Posted by keith1942 on September 19, 2015

An example of a Windjammer.

An example of a Windjammer.

Saturday had a distinct maritime flavour. We opened with the 1930 Windjammer. Loraine Porter introduced the film and we learnt that the project started as a film record of a voyage of Grace Harwar from Australia to England carrying grain. The voyage rounded the Cape Horn, so it was long and arduous. A.J. Villiers, [author of a book By Way of Cape Horn) recorded the voyage with cameraman Gregory Walker: who died near the voyage’s end. They filmed at silent speed, though it is not clear if it was a hand-cranked camera. After the voyage Villiers attempted to get the record released as a film. The first attempt failed, but there was more success with Wardour Films and it was released in a sound version. This unfortunately led to a disappointing version. The on-ship footage is often impressive, but only about 2,000 foot [a third of the total] made it into the 58 minute release. The rest was a sort of dramatic addition, filmed either in a studio or on the port-moored ship. This offered the poor sound and dramatic qualities of the early thirties. And the silent footage was speeded up, maybe from 20 to 24 fps? Villiers also suffered because he had great difficulties in getting any share of the income, which was less than the production and release costs. A missed opportunity unless someone can find surviving footage.

the RMS Lusitania

The RMS Lusitania

Following this there was background and film examples about the notorious sinking of the Lusitania in 1915. There were some particular interesting examples of the use of animation for wartime propaganda. The session then offered Imperial War Museum material on Lord Kitchener: a chance for landlubbers to regain their feet. I was fascinated to learn that Kitchener was possibly gay and involved in such a relationship.

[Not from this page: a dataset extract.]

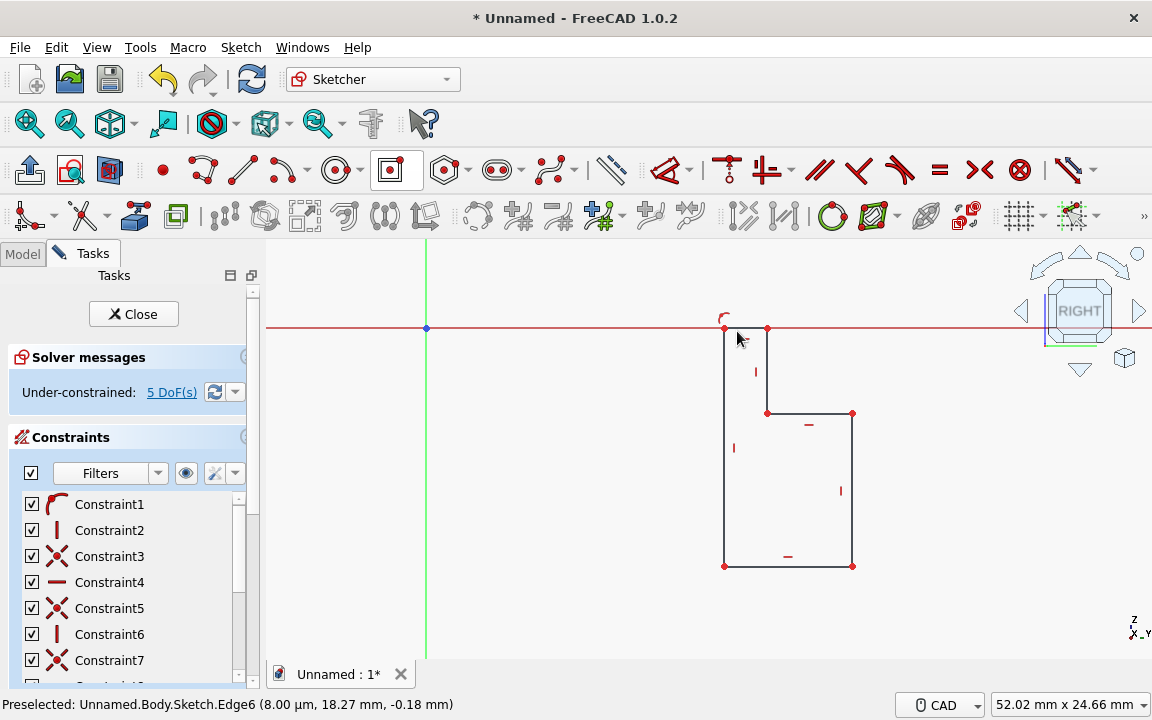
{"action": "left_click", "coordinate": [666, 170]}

After lunch we had more water with Buster Keaton and his Steamboat Bill Jnr (1928). Some of my friends were very taken with this digital version, [which is getting a UK general release]. I found it had that flat surface patina that is a problem with digital versions. The better side of the session was Neil Brand, first talking about Keaton, and then providing a sparkling accompaniment.

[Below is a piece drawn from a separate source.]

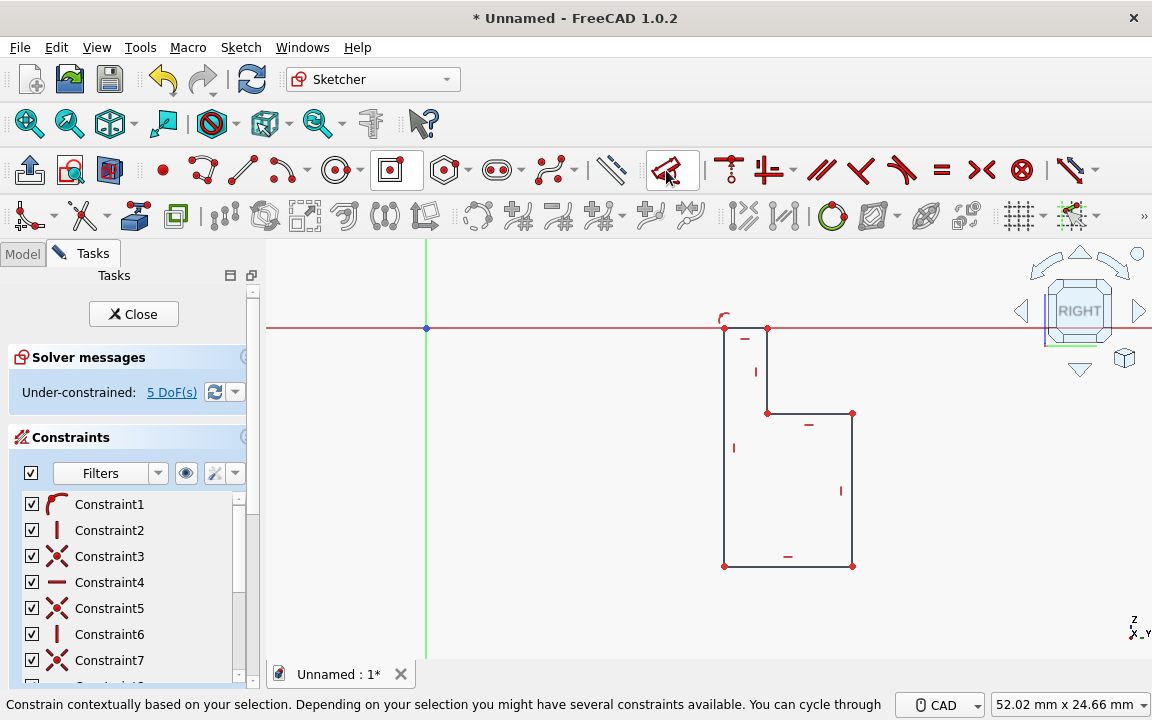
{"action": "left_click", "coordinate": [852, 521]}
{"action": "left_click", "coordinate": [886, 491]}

After tea – the refreshment breaks were frequent and well done – we had another early sound film, The Great Game from British Instructional Films (1930). The ‘great’ game was football. The film effectively combined fictional dramatic sequences with actual footage, including Wembley and the FA Cup. The plot was fairly generic, and included a young footballer trying to make the first team. But the central conflict was in the Board Room, twixt Chairman and Manager. Rather nicely, and presumably reflective of currents in the 1930s, the emphasis was on the team. Surprisingly for me, it was also a period with debates about transfer fees, which made it seem quite up-to-date.

The actual FA Cup 1930.

The actual FA Cup 1930.

The afternoon finished with another Soviet feature, The Cosmic Voyage (1936). This originally had a synchronised score but had an electronic accompaniment at the Phoenix. It had also been screened at the previous Giornate del Cinema Muto. This science fiction feature offered a preview of a coming Soviet Moon shot, with impressive designs and construction, whilst aiming for a scientifically based view of the future.

In the evening the Festival moved to Leicester Cathedral and the new tomb of Richard Third. The film, Jane Shore (1915), was set during the Yorkshire vs. Lancaster Wars of the Roses. Richard, as villain rather than hero or wise monarch, appears in the film. The film’s notable appeal is in the use of location settings with large numbers of extras. The version screened also had the original tinting restored. And there was a live accompaniment by Orchestra Celeste. So the day ended land-bound again.